As artificial intelligence (AI) enters every application, from IoT to automotive, it is bringing new waves of innovation and business models, along with the need for high-grade security. Hackers try to exploit vulnerabilities at all levels of the system, from the system-on-chip (SoC) up. Therefore, security needs to be integral in the AI process. The protection of AI systems, their data, and their communications is critical for users’ safety and privacy, as well as for protecting businesses’ investments. This article describes where security is needed throughout AI environments as well as implementation options for ensuring a robust, secure system.
Where and why AI security is needed
AI applications built around artificial neural networks (ANNs, or simply “neural nets”) include two basic stages – training and inference (Figure 1). The training stage of a neural network is when the network is “learning” to do a job, such as recognizing faces or street signs. The resulting data set for the configuration (weights representing the interaction between neurons) of the neural net is called a model. In the inference stage, the algorithm embodied in the model is deployed to the end application.
Figure 1: The training and inferencing stages of deep learning and AI.
The algorithms used in neural net training often include data that require privacy, such exactly how faces and fingerprints are collected and analyzed. The algorithm is a large part of the value of any AI technology. In many cases, the large training data sets that come from public surveillance, face recognition and fingerprint biometrics, financial, and medical applications are private and often contain personally identifiable information. Attackers, whether organized crime groups or business competitors, can take advantage of this information for economic reasons or other rewards. In addition, the AI systems face the risk of rogue data injection maliciously sent to disrupt a neural network’s functionality (e.g., misclassification of face recognition images to allow attackers to escape detection). Companies that protect training algorithms and user data will be differentiated in their fields from companies that suffer from the negative PR and financial risks of being exploited. Hence, it is highly important to ensure that data is received only from trusted sources and protected during use.

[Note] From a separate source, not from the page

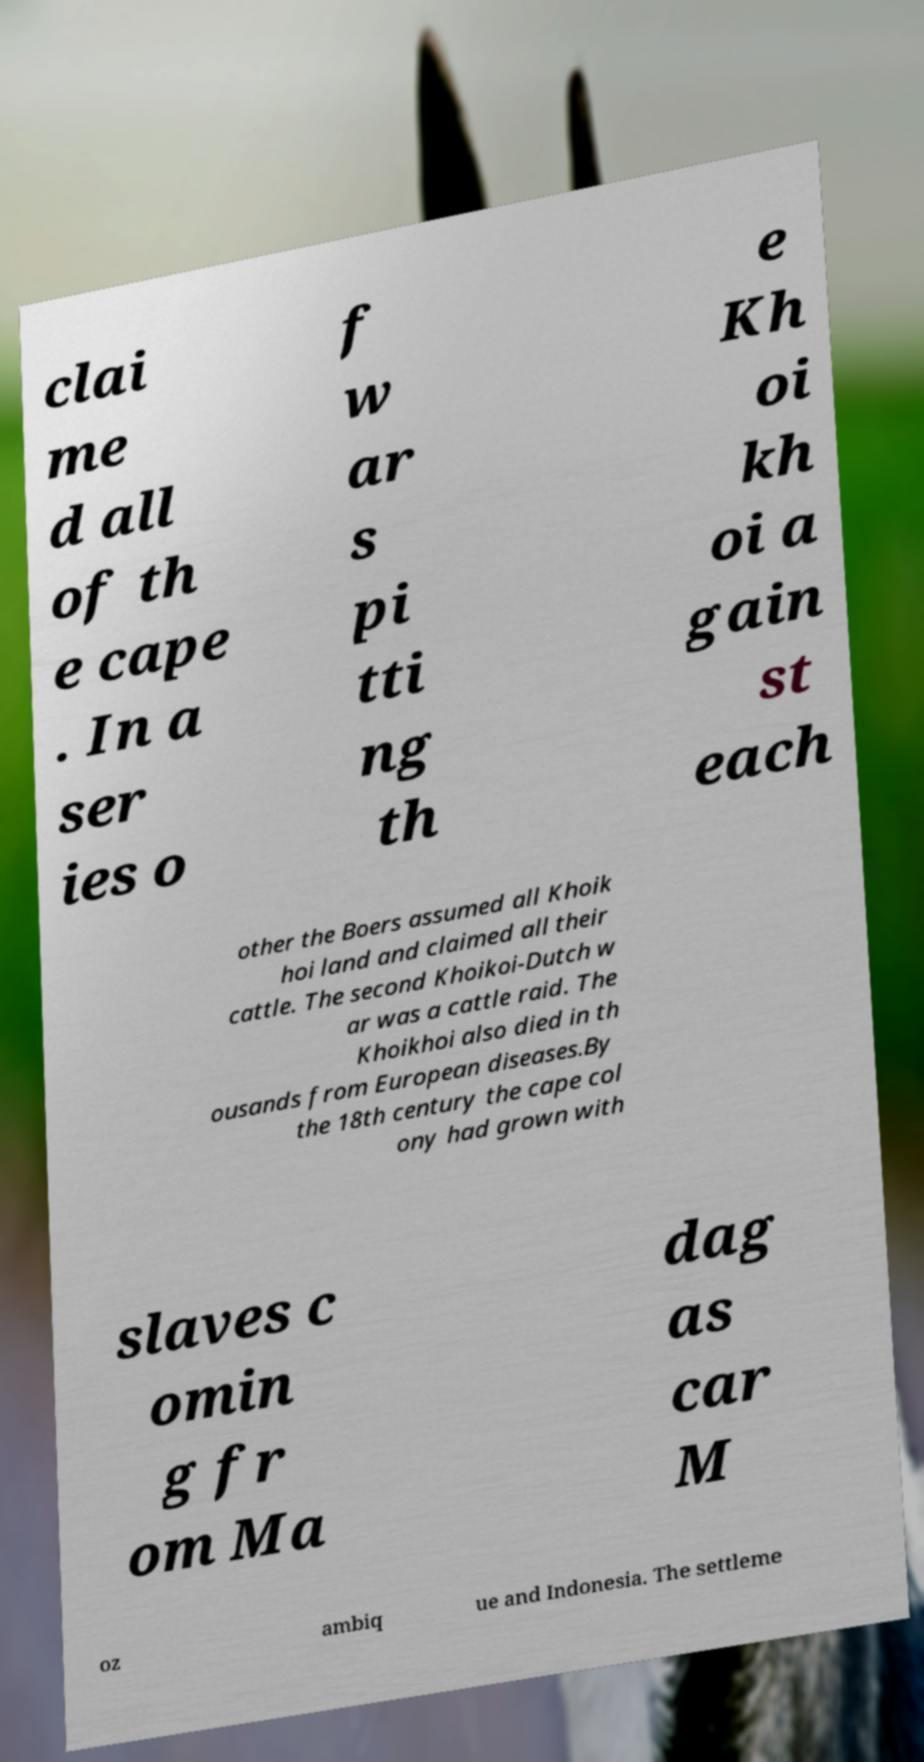For documentation purposes, I need the text within this image transcribed. Could you provide that? clai me d all of th e cape . In a ser ies o f w ar s pi tti ng th e Kh oi kh oi a gain st each other the Boers assumed all Khoik hoi land and claimed all their cattle. The second Khoikoi-Dutch w ar was a cattle raid. The Khoikhoi also died in th ousands from European diseases.By the 18th century the cape col ony had grown with slaves c omin g fr om Ma dag as car M oz ambiq ue and Indonesia. The settleme 
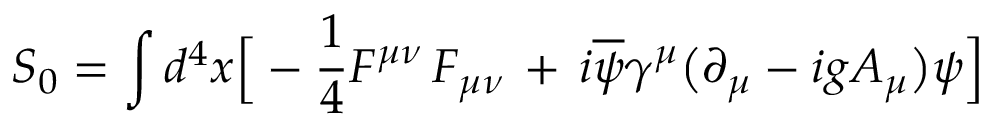<formula> <loc_0><loc_0><loc_500><loc_500>S _ { 0 } = \int d ^ { 4 } x \left [ - { \frac { 1 } { 4 } } F ^ { \mu \nu } \, F _ { \mu \nu } \, + \, i \overline { \psi } \gamma ^ { \mu } \left ( \partial _ { \mu } - i g A _ { \mu } \right ) \psi \right ]</formula>

The models themselves, represented by the neural net weights, and the training process are incredibly expensive and valuable intellectual property to protect. Companies that invest to create and build these models want to protect them against disclosure and misuse. The confidentiality of program code associated with the neural network processing functions is considered less critical. However, access to it can aid someone attempting to reverse engineer the product. More importantly, the ability to tamper with this code can result in the disclosure of all assets that are plaintext inside the security boundary.
In addition to protecting data for business reasons, another strong driver for enforcing personal data privacy is the General Data Protection Regulation (GDPR) that came into effect within the European Union on May 25, 2018. This legal framework sets guidelines for the collection and processing of personal information. The GDPR sets out the principles for data management protection and the rights of the individual, and large fines may be imposed on businesses that do not comply with the rules.
As data and models move between the network edge and the cloud, communications need to be secure and authentic. It is important to ensure that the data and/or models are protected and are only being communicated and downloaded from authorized sources to devices that are authorized to receive it.
Security solutions for AI
Security needs to be incorporated starting from product concept throughout the entire lifecycle. As new AI applications and use cases emerge, devices that run these applications need to be capable of adapting to an evolving threat landscape. To address the high-grade protection requirements, security needs to be multi-faceted and “baked-in” from the edge devices incorporating neural network processing system-on-chips (SoCs) right through to the applications that run on them and carry their data to the cloud.
At the outset, system designers adding security to their AI product must consider a few security enablers that are foundational functions that belong in the vast majority of products, including AI, to protect all phases of operation: offline, during power up, and at runtime, including during communication with other devices or the cloud. Establishing the integrity of the system is essential to creating trust that the system is behaving as intended.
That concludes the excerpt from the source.